▸ **Aim of the task**: Repeat exactly, and only, the lines running from the one that holds "euler: [roll, pitch, yaw]" to the end of the records.

(Extracted data entries)
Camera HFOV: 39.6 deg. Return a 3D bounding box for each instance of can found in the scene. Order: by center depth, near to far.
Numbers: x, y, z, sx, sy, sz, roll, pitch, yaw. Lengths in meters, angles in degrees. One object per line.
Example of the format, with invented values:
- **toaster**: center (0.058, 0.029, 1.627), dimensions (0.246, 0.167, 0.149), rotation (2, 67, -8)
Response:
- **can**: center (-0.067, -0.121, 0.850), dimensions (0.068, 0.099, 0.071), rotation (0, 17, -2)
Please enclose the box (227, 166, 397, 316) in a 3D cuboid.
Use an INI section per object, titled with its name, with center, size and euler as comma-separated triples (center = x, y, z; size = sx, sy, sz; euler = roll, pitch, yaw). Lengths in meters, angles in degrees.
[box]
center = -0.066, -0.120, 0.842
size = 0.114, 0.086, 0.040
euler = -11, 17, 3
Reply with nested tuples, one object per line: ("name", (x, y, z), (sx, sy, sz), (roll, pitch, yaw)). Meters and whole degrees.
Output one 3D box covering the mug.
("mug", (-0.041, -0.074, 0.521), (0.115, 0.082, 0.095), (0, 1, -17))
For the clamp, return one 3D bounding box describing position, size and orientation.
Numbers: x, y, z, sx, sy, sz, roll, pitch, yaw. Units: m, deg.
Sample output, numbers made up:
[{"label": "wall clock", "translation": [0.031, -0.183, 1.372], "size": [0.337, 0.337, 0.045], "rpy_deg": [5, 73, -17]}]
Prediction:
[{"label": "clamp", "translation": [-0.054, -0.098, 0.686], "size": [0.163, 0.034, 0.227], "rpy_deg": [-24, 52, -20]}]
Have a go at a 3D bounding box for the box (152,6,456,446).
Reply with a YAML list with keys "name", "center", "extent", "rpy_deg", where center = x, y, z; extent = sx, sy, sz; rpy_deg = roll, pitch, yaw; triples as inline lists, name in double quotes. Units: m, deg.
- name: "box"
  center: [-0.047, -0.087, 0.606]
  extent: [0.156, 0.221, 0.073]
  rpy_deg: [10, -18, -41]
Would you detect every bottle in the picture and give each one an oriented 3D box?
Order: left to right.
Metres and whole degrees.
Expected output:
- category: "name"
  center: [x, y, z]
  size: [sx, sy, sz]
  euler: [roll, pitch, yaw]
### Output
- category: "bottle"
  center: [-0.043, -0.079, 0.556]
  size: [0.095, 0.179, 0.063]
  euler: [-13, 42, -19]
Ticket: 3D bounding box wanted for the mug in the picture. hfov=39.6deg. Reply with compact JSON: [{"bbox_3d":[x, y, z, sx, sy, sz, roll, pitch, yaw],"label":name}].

▸ **Written solution**:
  euler: [roll, pitch, yaw]
### Output
- category: "bottle"
  center: [-0.043, -0.079, 0.556]
  size: [0.095, 0.179, 0.063]
  euler: [-13, 42, -19]
Ticket: 3D bounding box wanted for the mug in the picture. hfov=39.6deg. Reply with compact JSON: [{"bbox_3d":[x, y, z, sx, sy, sz, roll, pitch, yaw],"label":name}].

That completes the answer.